On this simple moon phase diagram,
you can see that the inner circle of moon icons depicts the moon’s orbit around the Earth, which takes about a month (29.5 days). The ABCD indicators show the direction of the Moon’s orbit. Only one hemisphere of the Moon is illuminated by the Sun at a given time, with the other hemisphere non-illuminated or dark (shine a flashlight at a baseball, and you‘ll get the idea). However, because of Earth’s position at the center of the lunar promenade, we only ever see part of the Moon’s Sun-illuminated hemisphere. The exceptions are New Moon and Full Moon.
The outer circle on the diagram depicts how each moon phase appears to us here on Earth. During New Moon, the Moon lines up between Earth and Sun and we can’t see any part of its illuminated hemisphere, so it vanishes from our view. During Full Moon, the Earth lines up between Moon and Sun, so we see all of the Moon’s illuminated hemisphere. Now, if the Earth and Moon were on the same orbital plane relative to the Sun, we would have a total solar eclipse and a total lunar eclipse once a month, respectively, when the Moon covered the Sun during New Moon and when the Sun cast the Earth‘s shadow onto the Moon during Full Moon. But that doesn’t happen, does it? This is because the Moon’s orbital plane around the Earth is tilted about five degrees from the Earth’s orbital plane around the Sun.

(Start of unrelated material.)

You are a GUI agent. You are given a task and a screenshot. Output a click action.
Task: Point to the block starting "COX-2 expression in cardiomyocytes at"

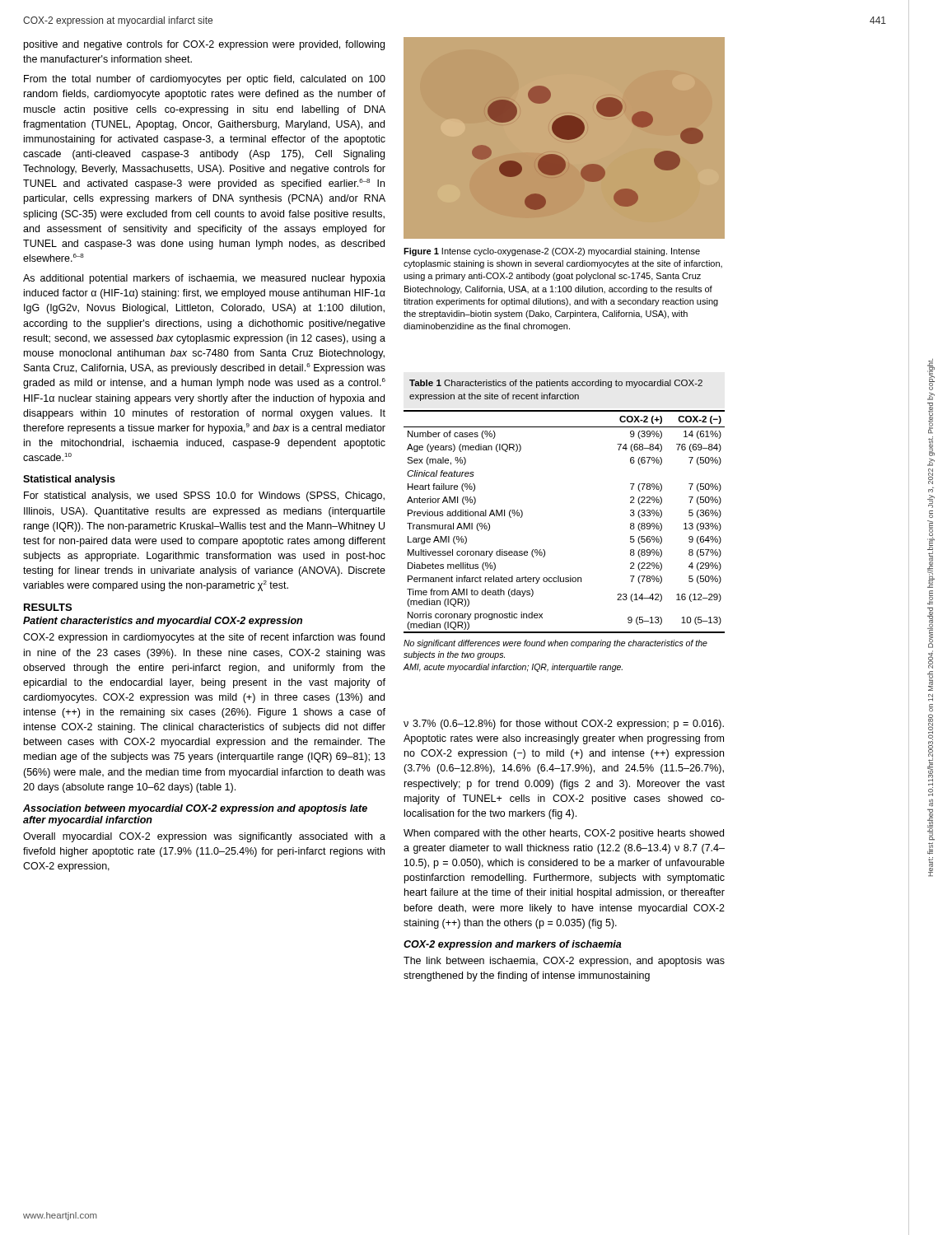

These out-of-kilter orbits make those perfect line-ups needed for total eclipses a bit rare.
The Moon in Earth's shadow, during a total lunar eclipse
This week, go outside and look at the Moon naked eye. Then wait a week and do it again. Each time, notice what portion of the Moon’s face is illuminated and match it to the moon phase it most resembles on the diagram. Then think about where the Sun must be in relation to the Moon and you, to produce the phase you see. Know that you are looking at nearly-real-time reflection of sunlight from the Moon’s surface. I say nearly-real-time because it takes that reflected light about 1.25 seconds to traverse the quarter of a million miles separating Moon and Earth.
On Saturday, November 24, the Moon will be full. November’s Full Moon is called Beaver Moon by the Algonquin Indians, Moon of the Falling Leaves by the Lakota Sioux, and Freezing Moon by the Cheyenne. Full Moon is a great time to look at the Moon, not only because it is fully illuminated, but because it is in the sky all night long, from sunset to sunrise. If you can drag your bad self home before sunrise, you might just get to bask in a little of that reflected glory.